El enunciado de los diversos misterios del Rosario se corresponde también
con esta exigencia de concreción. Es cierto que no sustituyen
al Evangelio ni tampoco se refieren a todas sus páginas. El Rosario,
por tanto, no reemplaza la lectio divina, sino que, por el contrario,
la supone y la promueve. Pero si los misterios considerados en el Rosario,
aun con el complemento de los mysteria lucis, se limita a las líneas
fundamentales de la vida de Cristo, a partir de ellos la atención
se puede extender fácilmente al resto del Evangelio, sobre todo
cuando el Rosario se reza en momentos especiales de prolongado recogimiento.

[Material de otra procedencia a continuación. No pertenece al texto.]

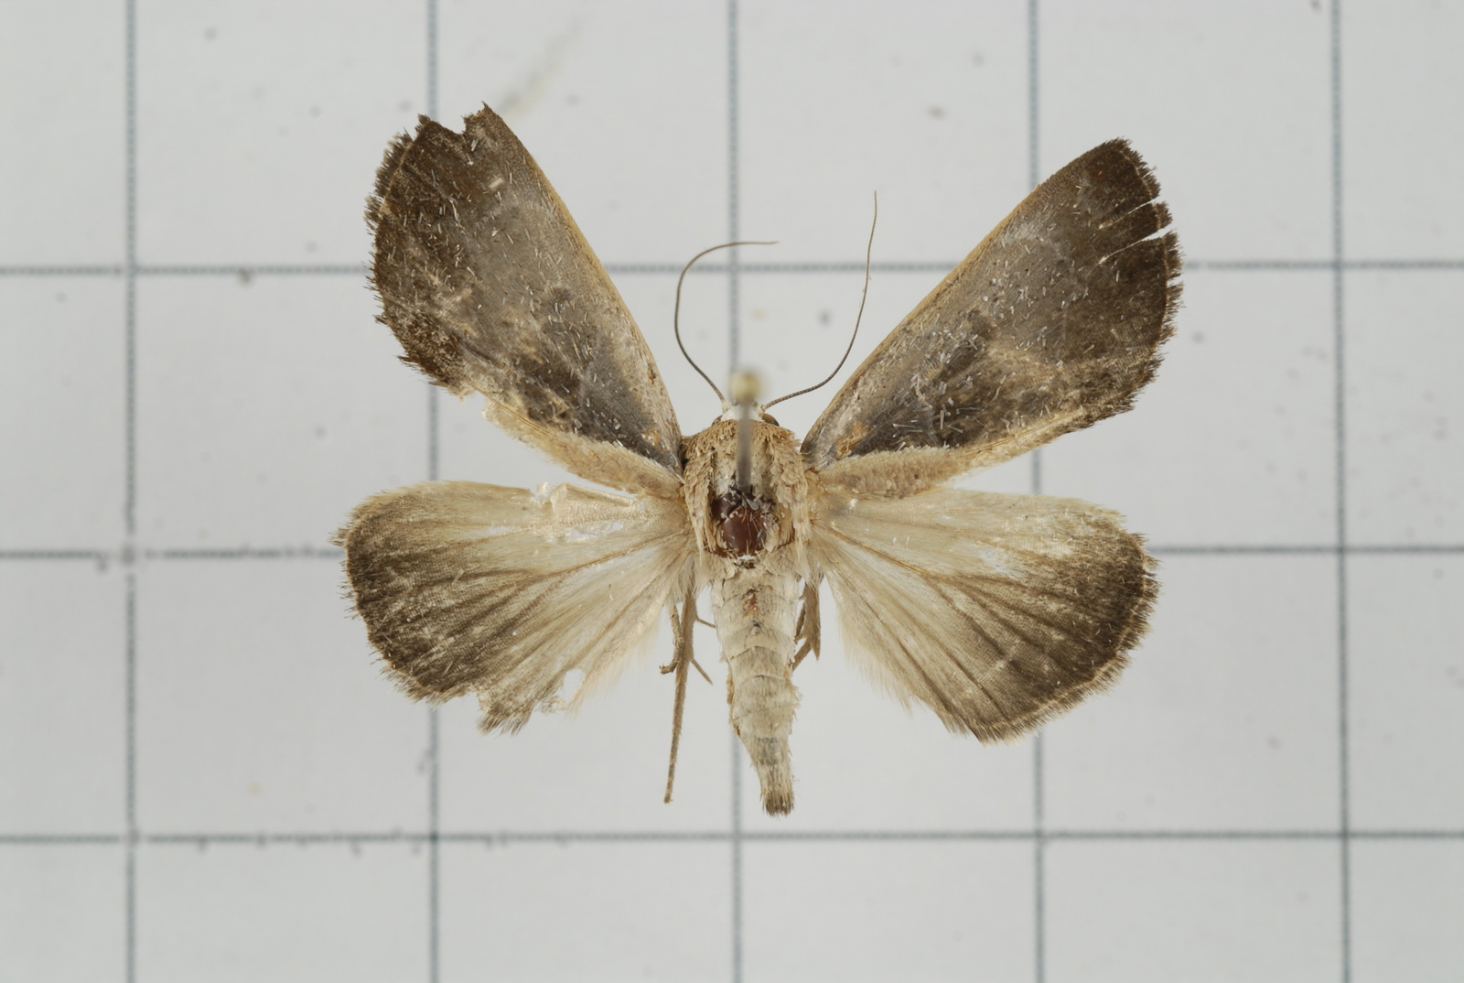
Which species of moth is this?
Westermannia elliptica elliptica

La escucha de la palabra de Dios
30. Para dar fundamento bíblico y mayor profundidad a la meditación,
es útil que al enunciado del misterio siga la proclamación
del pasaje bíblico correspondiente, que puede ser más
o menos largo según las circunstancias. En efecto, otras palabras
nunca tienen la eficacia de la palabra inspirada. Ésta se debe
escuchar con la certeza de que es palabra de Dios, pronunciada para
hoy y «para mí».
Acogida de este modo, la palabra entra en la metodología de la
repetición del Rosario sin el aburrimiento que produciría
la simple reiteración de una información ya conocida.
No, no se trata de recordar una información, sino de dejar «hablar»

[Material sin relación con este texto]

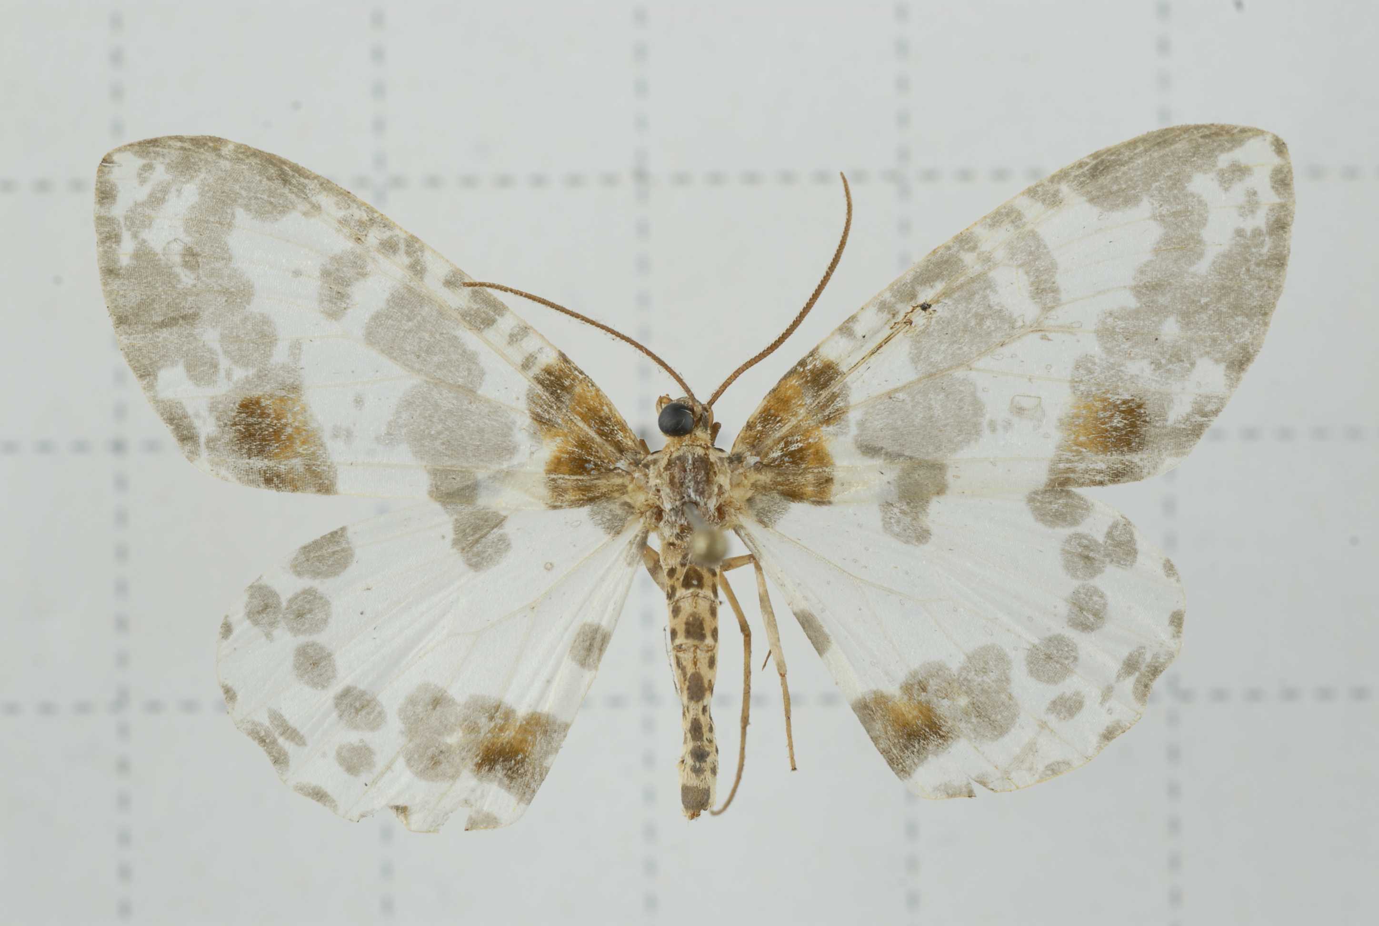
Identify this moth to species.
Abraxas formosilluminata

a Dios. En alguna ocasión solemne y comunitaria, esta palabra
se puede ilustrar con algún breve comentario.
El silencio
31. La escucha y la meditación se alimentan del silencio. Es
conveniente que, después de enunciar el misterio y proclamar
la Palabra, esperemos unos momentos antes de iniciar la oración
vocal, para fijar la atención sobre el misterio meditado. El
redescubrimiento del valor del silencio es uno de los secretos para
la práctica de la contemplación y la meditación.
Uno de los límites de una sociedad tan condicionada por la tecnología
y los medios de comunicación social es que el silencio se hace
cada vez más difícil. Así como en la liturgia se
recomienda que haya momentos de silencio, en el rezo del Rosario es
también oportuno hacer una breve pausa después de escuchar
la palabra de Dios, concentrando el espíritu en el contenido
de un determinado misterio.
El «Padrenuestro»
32. Después de haber escuchado la Palabra y centrado la atención
en el misterio, es natural que el alma se eleve hacia el Padre. Jesús,
en cada uno de sus misterios, nos lleva siempre al Padre, al cual Él
se dirige continuamente, porque descansa en su «seno» (cf.

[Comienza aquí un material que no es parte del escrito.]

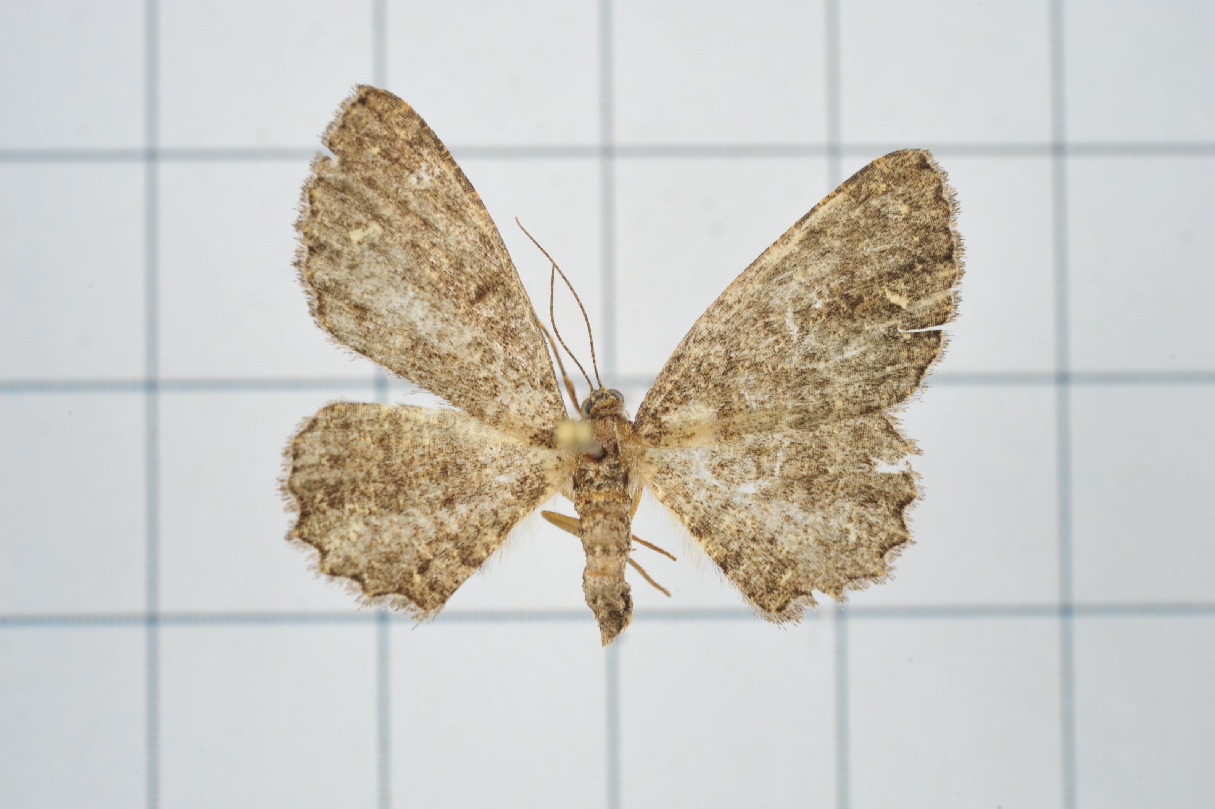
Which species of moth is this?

Jn 1,18). Él nos quiere introducir en la intimidad del Padre
para que digamos con Él: «¡Abbá, Padre!»
(Rm 8,15; Ga 4,6). En esta relación con el Padre nos hace hermanos
suyos y entre nosotros, comunicándonos el Espíritu, que
es a la vez suyo y del Padre. El «Padrenuestro», puesto
como fundamento de la meditación cristológico-mariana
que se desarrolla mediante la repetición del Ave María,
hace que la meditación del misterio, aun cuando se tenga en soledad,
sea una experiencia eclesial.
Las diez «Avemarías»
33. Este es el elemento más extenso del Rosario y que a la vez
lo convierte en una oración mariana por excelencia. Pero precisamente
a la luz del Ave María, bien entendida, es donde se nota con
claridad que el carácter mariano no se opone al cristológico,
sino que más bien lo subraya y lo exalta. En efecto, la primera
parte del Ave María, tomada de las palabras dirigidas a María
por el ángel Gabriel y por santa Isabel, es contemplación
adorante del misterio que se realiza en la Virgen de Nazaret. Expresan,
por así decir, la admiración del cielo y de la tierra
y, en cierto sentido, dejan entrever la complacencia de Dios mismo al
ver su obra maestra -la encarnación del Hijo en el seno virginal
de María-, análogamente a la mirada de aprobación
del Génesis (cf. Gn 1,31), aquel «pathos con el que Dios,
en el alba de la creación, contempló la obra de sus manos».36
Repetir en el Rosario el Ave María nos acerca a la complacencia
de Dios: es júbilo, asombro, reconocimiento del milagro más
grande de la historia. Es el cumplimiento de la profecía de María:
«Desde ahora todas las generaciones me llamarán bienaventurada»
(Lc 1,48).
El centro del Ave María, casi como engarce entre la primera y
la segunda parte, es el nombre de Jesús. A veces, en el rezo
apresurado, no se percibe este aspecto central y tampoco la relación
con el misterio de Cristo que se está contemplando. Pero es precisamente
el relieve que se da al nombre de Jesús y a su misterio lo que
caracteriza un rezo consciente y fructuoso del Rosario. Ya Pablo VI
recordó en la Exhortación apostólica Marialis cultus
la costumbre, practicada en algunas regiones, de realzar el nombre de
Cristo añadiéndole una cláusula evocadora del misterio
que se está meditando.37 Es una costumbre loable, especialmente
en la plegaria pública. Expresa con intensidad la fe cristológica,
aplicada a los diversos momentos de la vida del Redentor. Es profesión
de fe y, al mismo tiempo, ayuda a mantener atenta la meditación,
permitiendo vivir la función asimiladora, innata en la repetición
del Ave María, respecto al misterio de Cristo. Repetir el nombre
de Jesús -el único nombre del cual podemos esperar la
salvación (cf. Hch 4,12)- junto con el de su Madre Santísima,
y como dejando que ella misma nos lo sugiera, es un modo de asimilación,
que aspira a hacernos entrar cada vez más profundamente en la
vida de Cristo.
De la especial relación con Cristo, que hace de María
la Madre de Dios, la Theotòkos, deriva, además, la fuerza
de la súplica con la que nos dirigimos a ella en la segunda parte
de la oración, confiando a su materna intercesión nuestra
vida y la hora de nuestra muerte.
El «Gloria»
34. La doxología trinitaria es la meta de la contemplación
cristiana. En efecto, Cristo es el camino que nos conduce al Padre en
el Espíritu. Si recorremos este camino hasta el final, nos encontramos
continuamente ante el misterio de las tres Personas divinas, a las que
es preciso alabar, adorar y dar gracias. Es importante que el Gloria,
culmen de la contemplación, sea bien resaltado en el Rosario.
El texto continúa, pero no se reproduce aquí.